In wohlgeformter Klanggestalt

Der Philharmonia Chor Reutlingen und Musiker der Philharmonie mit Händels »Messias« in der Stiftskirche

Mitglieder des Philharmonia Chors in der Tübinger Stiftskirche.  FOTO: ADAMER
Mitglieder des Philharmonia Chors in der Tübinger Stiftskirche. FOTO: ADAMER
Mitglieder des Philharmonia Chors in der Tübinger Stiftskirche. FOTO: ADAMER

TÜBINGEN. Der Philharmonia Chor Reutlingen unter der Leitung von Martin Künstner führte das Oratorium »Der Messias« von Georg Friedrich Händel in der Tübinger Stiftskirche auf und punktete dabei vor allem durch junge talentierte Vokalsolistinnen und -solisten. Das ursprünglich geplante Neujahrskonzert 2022 wurde in deutscher Sprache gesungen und umfasste eine leicht gekürzte Fassung des dreiteiligen Werks (Ankündigung und Geburt Christi, Passion und Endzeit).

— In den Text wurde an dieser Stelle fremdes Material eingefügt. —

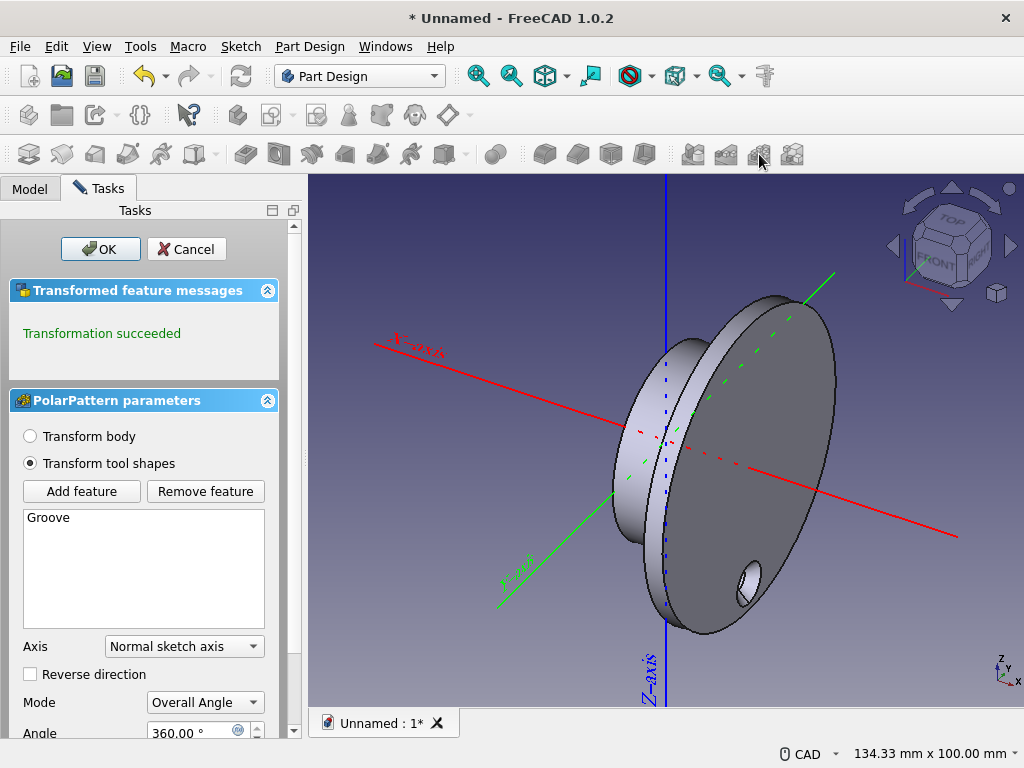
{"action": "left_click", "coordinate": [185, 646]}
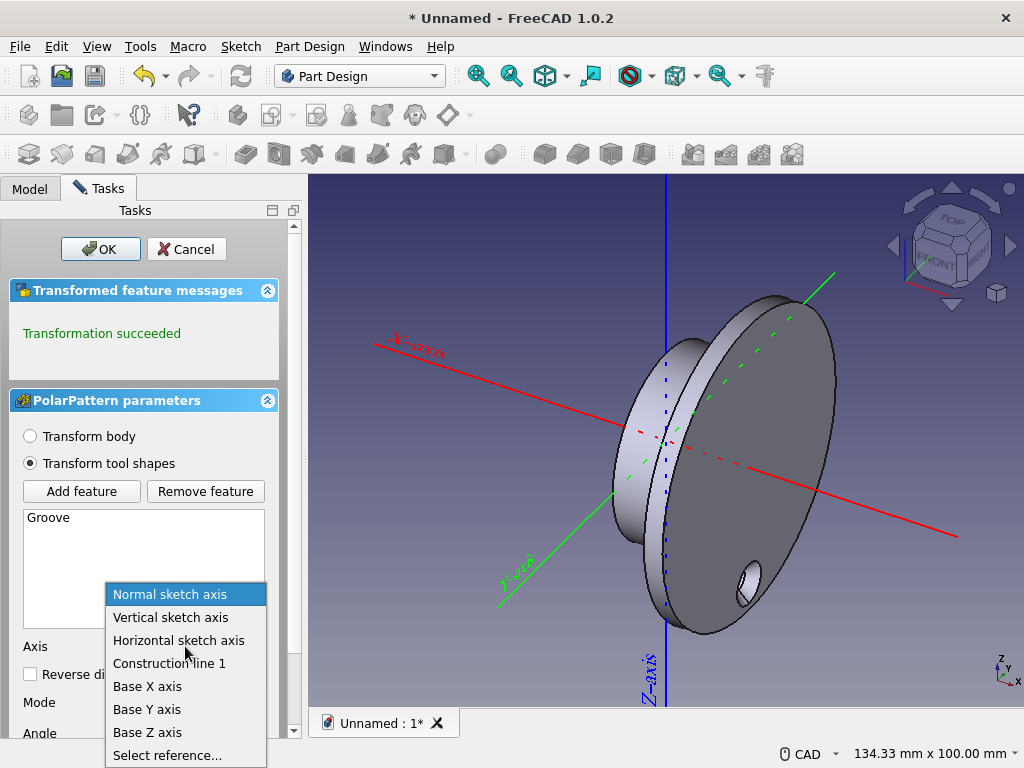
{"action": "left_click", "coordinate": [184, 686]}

Von Beginn an entfaltete das Orchester aus Mitgliedern der Württembergischen Philharmonie Reutlingen eine gute Balance in der Vielfalt der einzelnen Abschnitte und brachte damit ganz unterschiedliche Interpretationsspielräume hervor: Während im instrumentalen Anfang (Sinfony) noch der schwere und dunkle pathetische Zugang hocheffizient ausgekostet wurde, offenbarte sich etwa in Nr. 15 »Ehre sei Gott« (Chor und Orchester) eine klanglich festliche Interpretation, die leicht und vital durch die polyfonen Passagen führte.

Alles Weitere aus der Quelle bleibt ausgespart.